L’urgence du Moment

Heure après heure, les médias revoient à la hausse le nombre des victimes civiles, particulièrement des jeunes et des enfants, qui ont perdu la vie depuis le 7 octobre, côté israélien et côté palestinien. Un bilan appelé, hélas, à s’aggraver dans les prochains jours si, comme cela est annoncé, Gaza est écrasée sous un tapis de bombes, confrontée à une intervention militaire terrestre et sa population affamée du fait de l’impitoyable blocus décidé par Netanyahou. Encore faudrait-il ajouter les milliers d’enfants tués par l’armée israélienne durant les dernières décennies.

Aucun démocrate, aucun humaniste ne peut rester impassible devant la mort d’un seul enfant innocent, quel qu’il soit, juif ou arabe. Mais invoquer cette émotion légitime et partagée ne suffit pas à ouvrir le chemin d’une solution.

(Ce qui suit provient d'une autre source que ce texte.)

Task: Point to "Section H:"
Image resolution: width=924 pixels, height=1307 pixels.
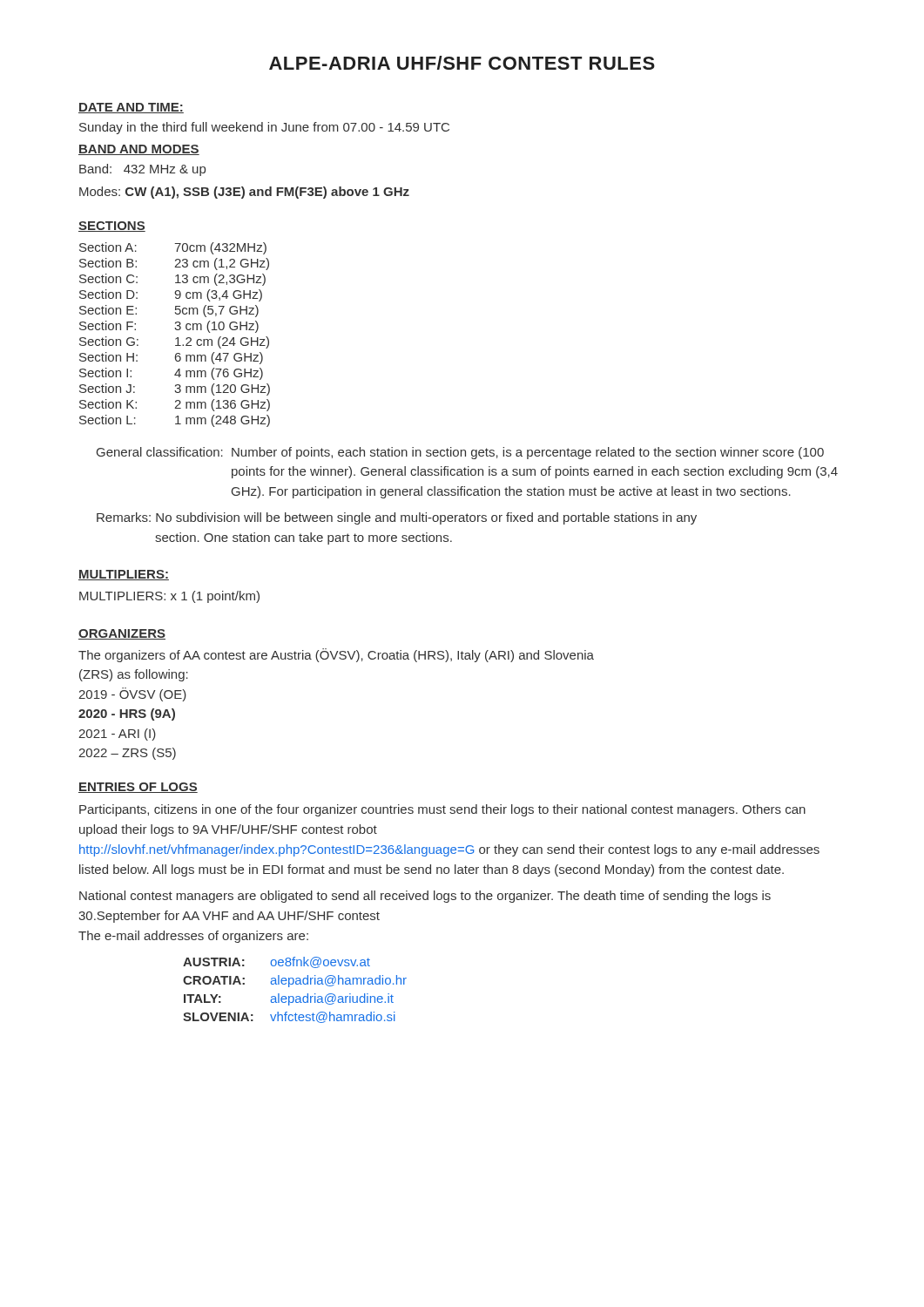Action: (109, 356)
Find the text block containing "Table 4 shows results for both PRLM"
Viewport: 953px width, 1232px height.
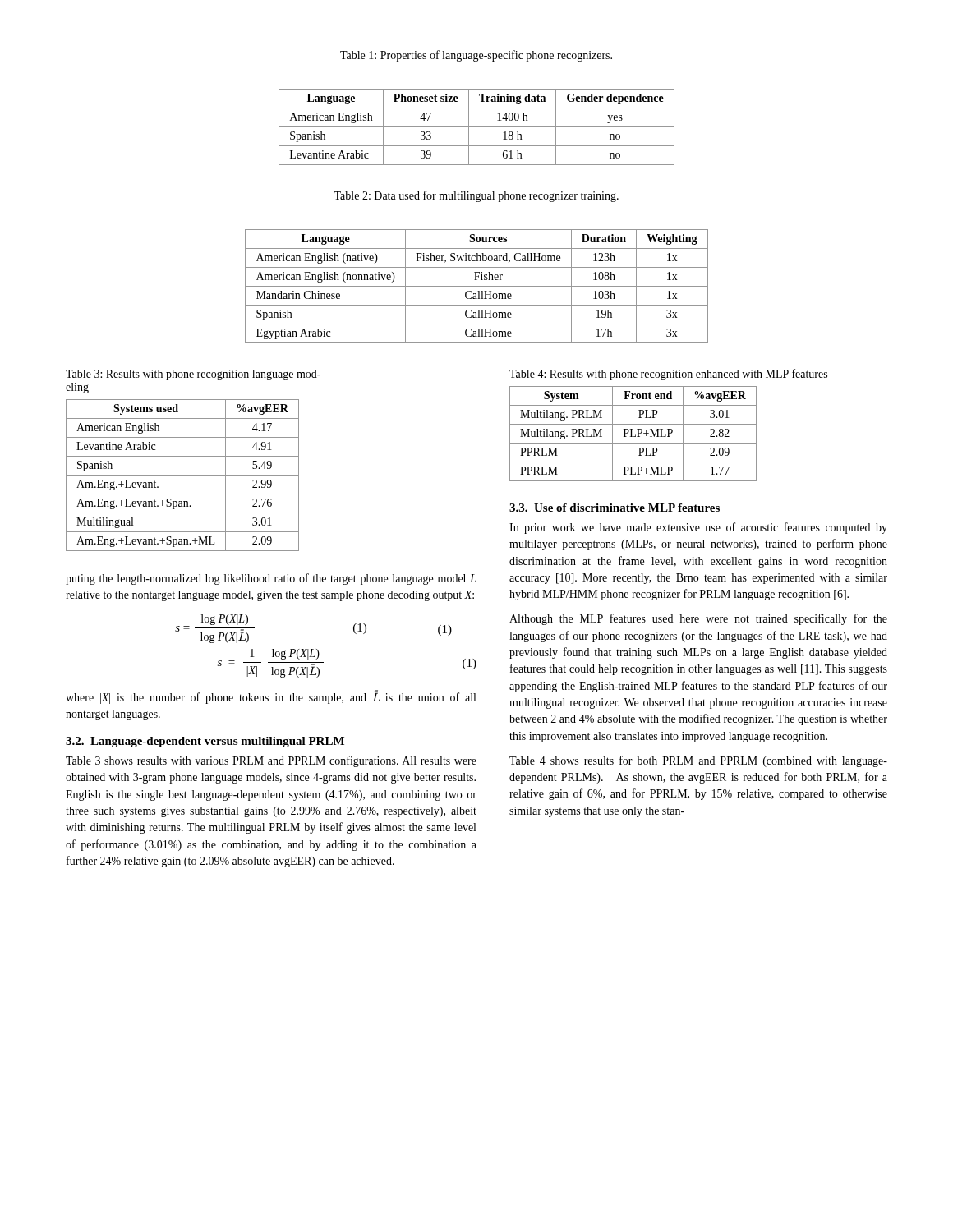[x=698, y=786]

En répondant à l’attaque du Hamas par un déluge de fer et de feu contre deux millions de Palestiniens pris au piège d’une prison à ciel ouvert, Netanyahou ne fait que poursuivre ce qu’il fait depuis des années : nier l’existence d’un peuple palestinien qui revendique les droits légitimes auxquels aspirent tous les peuples.

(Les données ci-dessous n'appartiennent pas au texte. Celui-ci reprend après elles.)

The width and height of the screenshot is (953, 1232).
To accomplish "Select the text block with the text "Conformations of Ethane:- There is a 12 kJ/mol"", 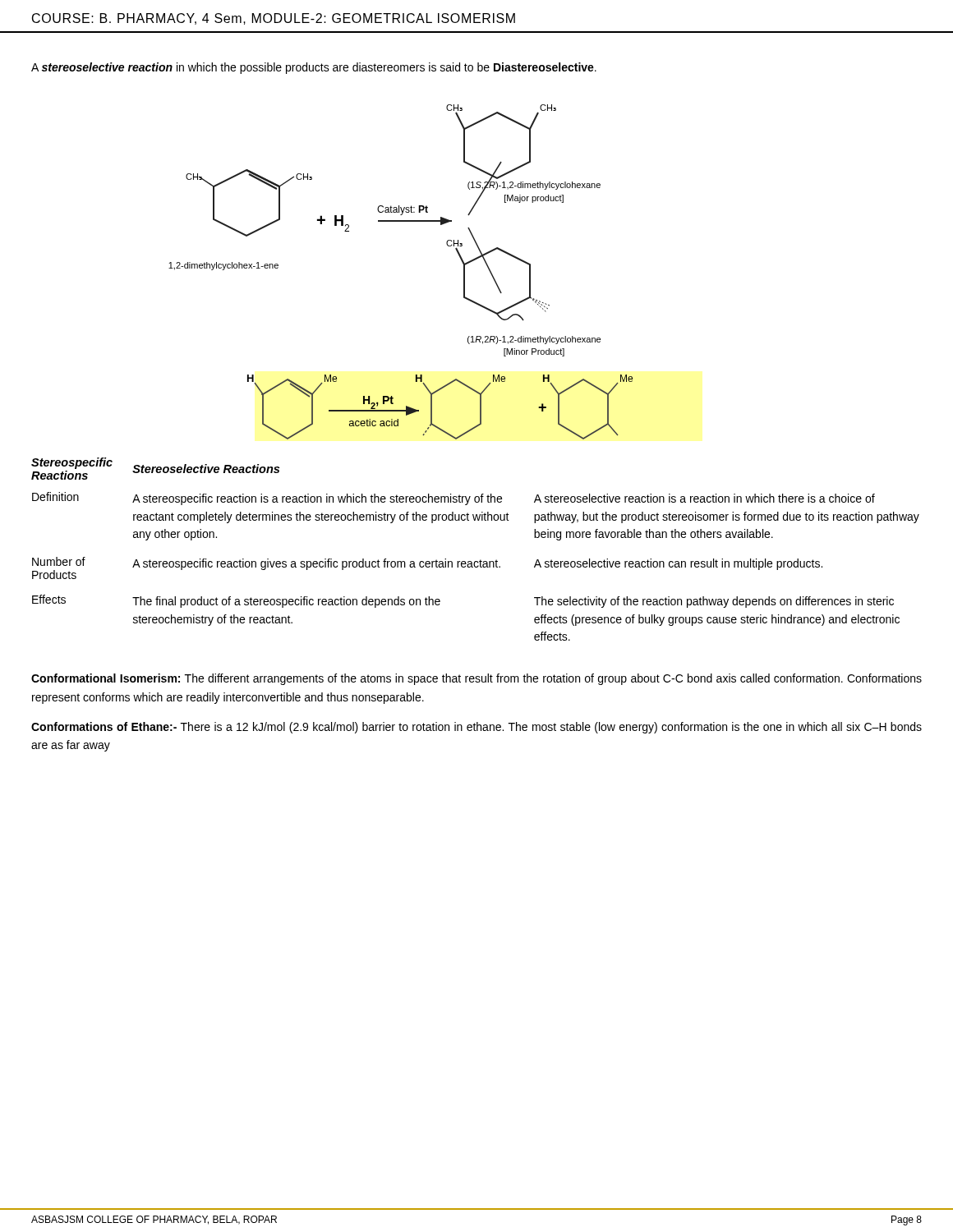I will (476, 736).

Cette négation – et la spirale de la répression et de la colonisation qu’elle entraîne – a largement contribué à l’attaque du 7 octobre. Écrire cela ne signifie ni dédouaner le Hamas de sa responsabilité dans les actes qu’il décide, ni approuver sa politique. Mais ce n’est pas le Hamas qu’Israël ignore depuis des décennies, c’est le peuple palestinien tout entier.

On peut, certes, momentanément condamner un peuple au silence. Mais on ne peut le faire disparaître, même par la terreur. La revendication nationale légitime finit toujours par ressurgir. Le journaliste israélien Gideon Levy ne dit rien d’autre dans les colonnes du quotidien Haaretz que nous citons en page 11 [de la Tribune des Travailleurs].

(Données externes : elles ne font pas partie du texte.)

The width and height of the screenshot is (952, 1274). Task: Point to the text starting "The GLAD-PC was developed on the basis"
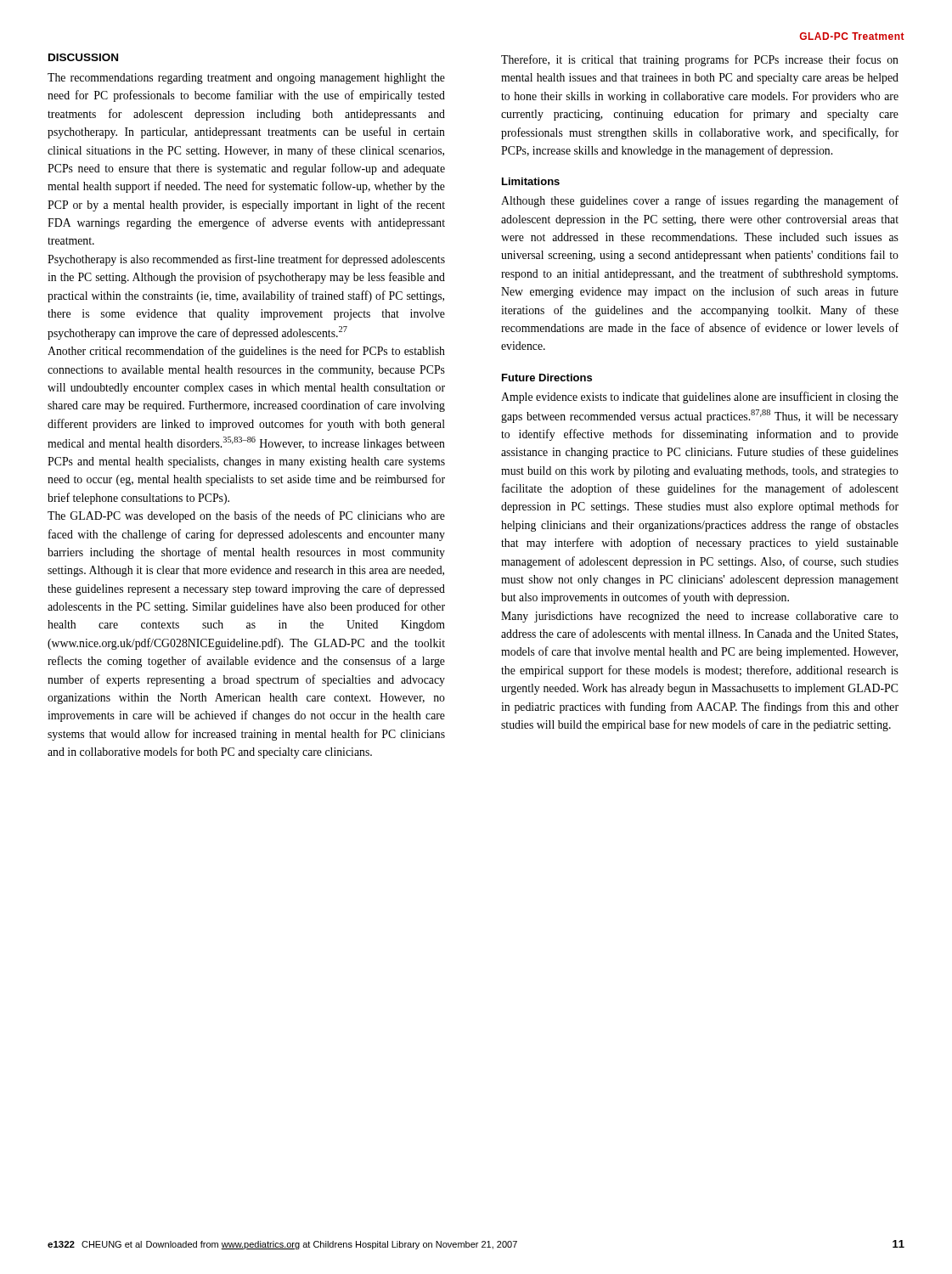point(246,634)
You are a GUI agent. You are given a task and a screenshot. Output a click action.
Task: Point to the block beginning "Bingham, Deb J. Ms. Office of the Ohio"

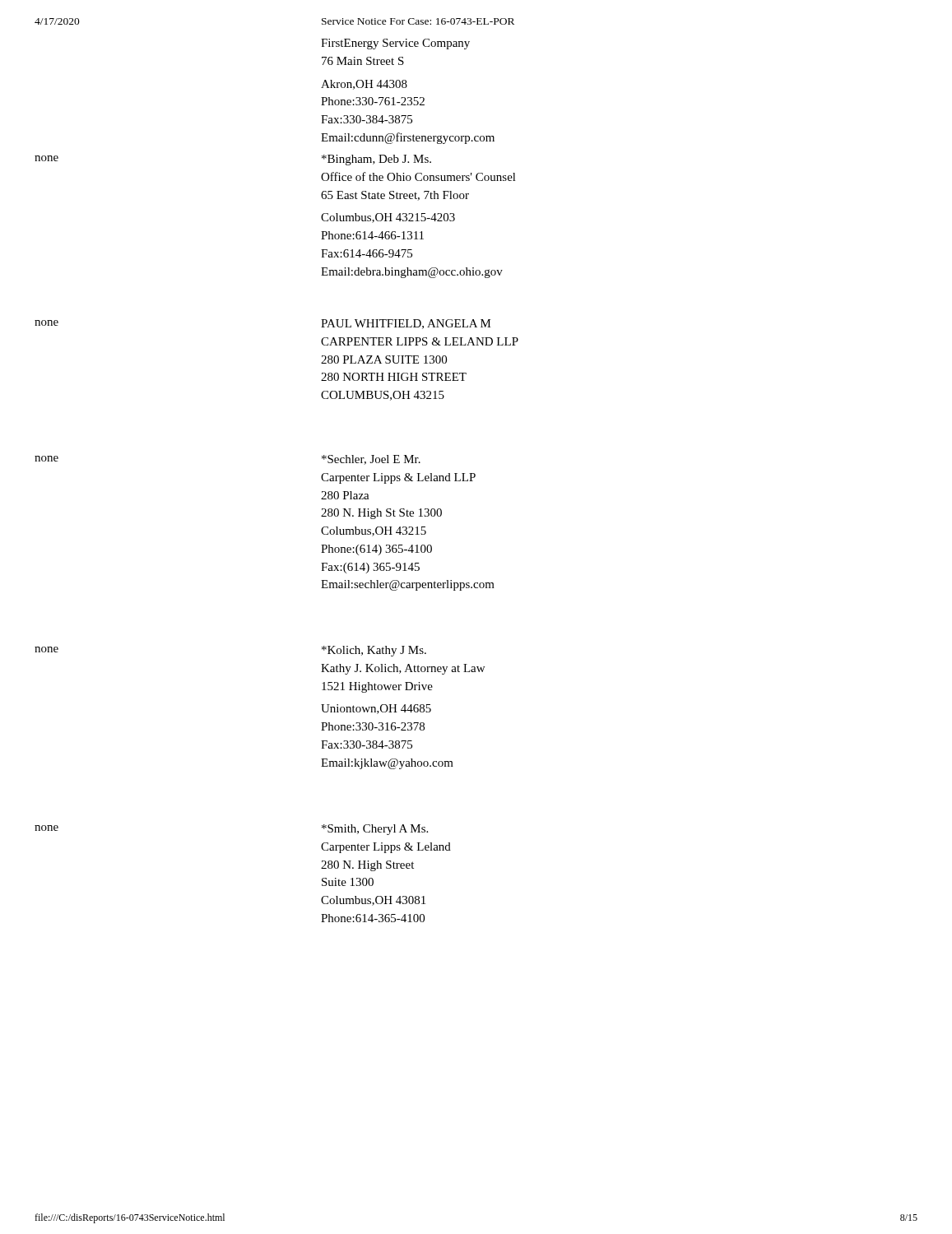[418, 216]
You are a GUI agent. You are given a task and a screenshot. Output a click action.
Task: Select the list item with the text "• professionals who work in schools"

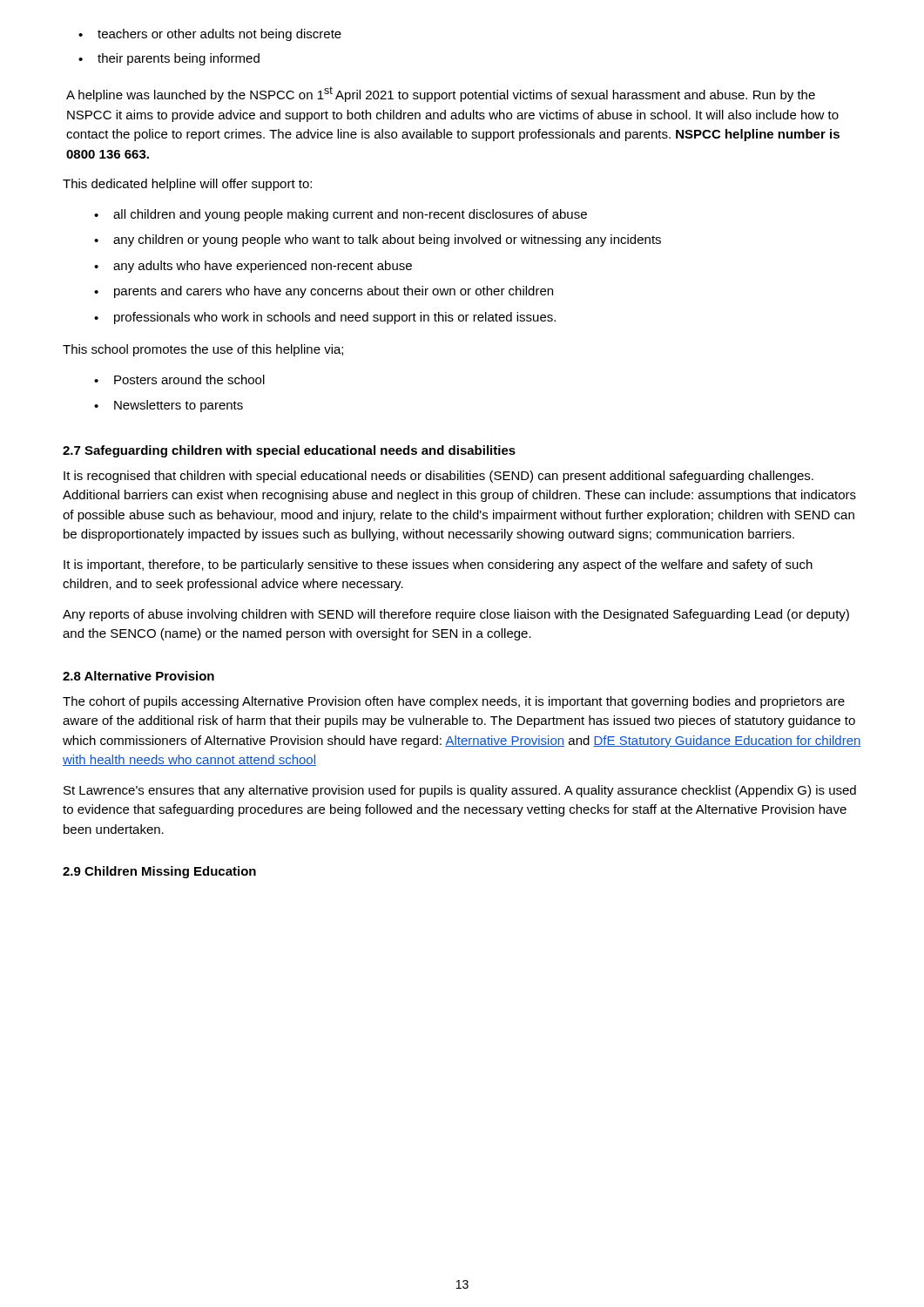tap(478, 317)

Les travailleurs ont en mémoire qu’en 1954, lorsque le peuple algérien se souleva pour sa libération, le gouvernement français a proclamé qu’il ne s’agissait pas d’une guerre de libération, mais d’« actes terroristes », auxquels il répondrait par des « mesures de police ». Quant au ministre de l’Intérieur Mitterrand, il déclarera : « La seule négociation, c’est la guerre. » La suite est connue : un million et demi de morts du côté algérien, mais au bout du compte, la cause légitime s’imposa contre le pouvoir colonial.
On peut partager ou non les termes du communiqué du POID et la perspective qu’il défend d’un seul État démocratique et laïque garantissant à tous ses citoyens des droits égaux. Mais que l’on soit d’accord ou non, il est un fait indiscutable : laisser Netanyahou continuer demain ce qu’il a fait hier, cela aura pour résultat sans doute des milliers, peut-être des dizaines de milliers de morts supplémentaires, pour l’essentiel des victimes civiles et des enfants, mais cela ne suffira pas à faire disparaître le peuple palestinien et ses aspirations légitimes.
Il faudra bien, d’une manière ou d’une autre, ouvrir la voie à une solution politique. Rien ne peut justifier le massacre à Gaza. L’urgence est de l’empêcher et d’imposer la levée du blocus.
Editorial de la Tribune des Travailleurs par Daniel Gluckstein – Le 10 octobre, 16 heures.